In view of developments in the applicable law during the pendency of the Motion, we will direct the parties to supplement their submissions as further set forth herein. See Rule 50(b)(3).

I. Background

Petitioner submitted to the WBO a Form 211, Application for Award for Original Information (which he later corrected and supplemented), alleging that a specified Taxpayer had violated the internal revenue laws in relation to Tax Issue. Petitioner's claim was forwarded to Kyunghee Piraino, a whistleblower subject matter expert in IRS Division. Ms. Piraino in turn forwarded the claim to a territory manager for assignment to IRS examination Team A, which at the time was responsible for examining Taxpayer with respect to its 2010 and 2011 taxable years. Team A thereafter completed its work and was replaced by Team B, which was to carry out an examination concerning Taxpayer's 2012 and 2013 taxable years.

Capitalized terms not otherwise defined herein have the meanings given in petitioner's First Supplemental Reference List of Redacted Information filed under seal on November 28, 2022.

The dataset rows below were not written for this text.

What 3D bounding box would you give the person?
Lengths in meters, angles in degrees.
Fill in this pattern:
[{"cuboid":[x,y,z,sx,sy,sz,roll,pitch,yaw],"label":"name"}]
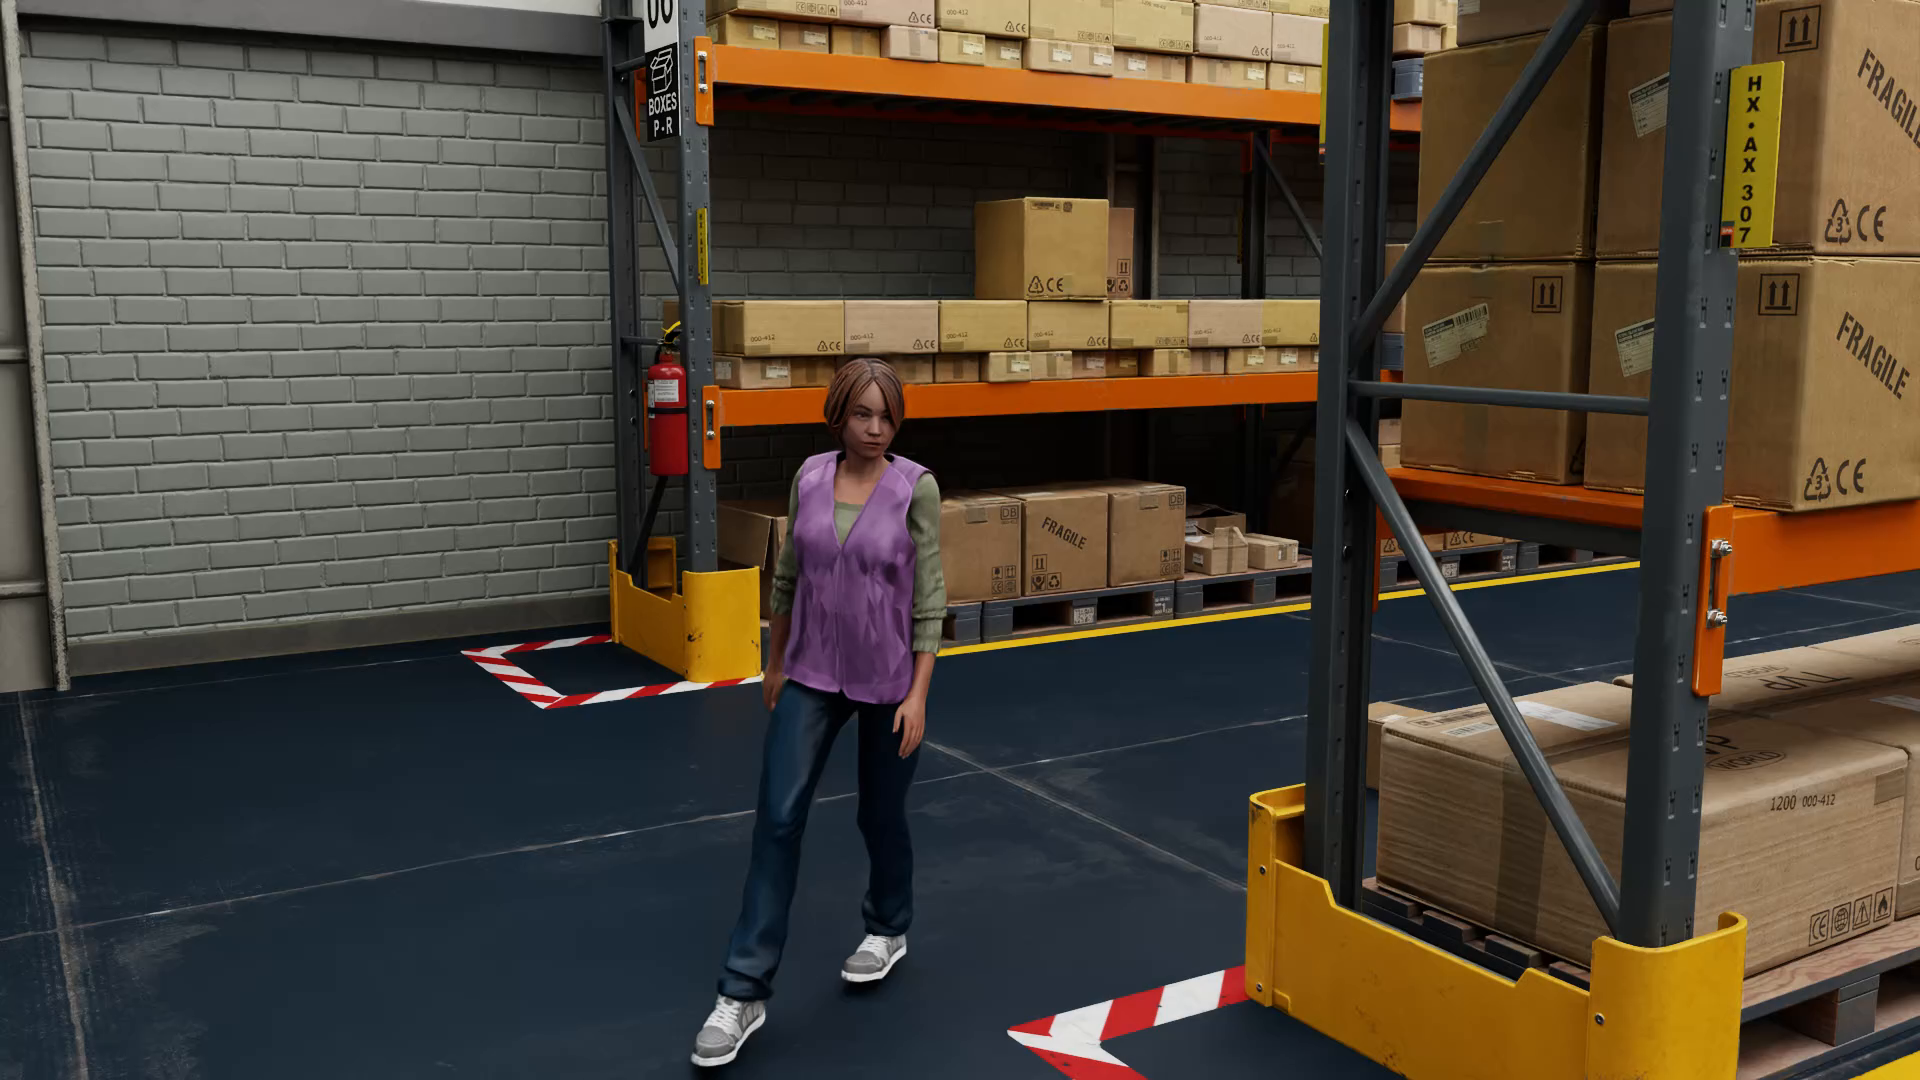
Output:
[{"cuboid":[-0.291,0.360,3.889,0.502,1.559,0.812,2,9,11],"label":"person"}]

The Motion sets forth in detail, citing relevant portions of the administrative record and correspondence with respondent's counsel, why petitioner believes IRS employees assigned to or supporting Team B-including Sy-Miau Vines (team manager), Kevin Parker (Examiner), Andres Espinosa (Economist), Alfredo Arocha (Examiner), and Anthony DeGrazia (Examiner)-either had access to petitioner's claim information or may have been exposed to it through their involvement in Team B's work relating to Tax Issue.

According to a WBO Award Recommendation Memorandum (ARM) that summarizes the results of the IRS's examination of Taxpayer, Team B was instructed to return petitioner's claim information early in the examination process due to concerns that the information may have been tainted (i.e., that it included privileged information that could not be used against Taxpayer). The ARM also states that unidentified Team B personnel who had access to petitioner's claim information were removed from the team and replaced.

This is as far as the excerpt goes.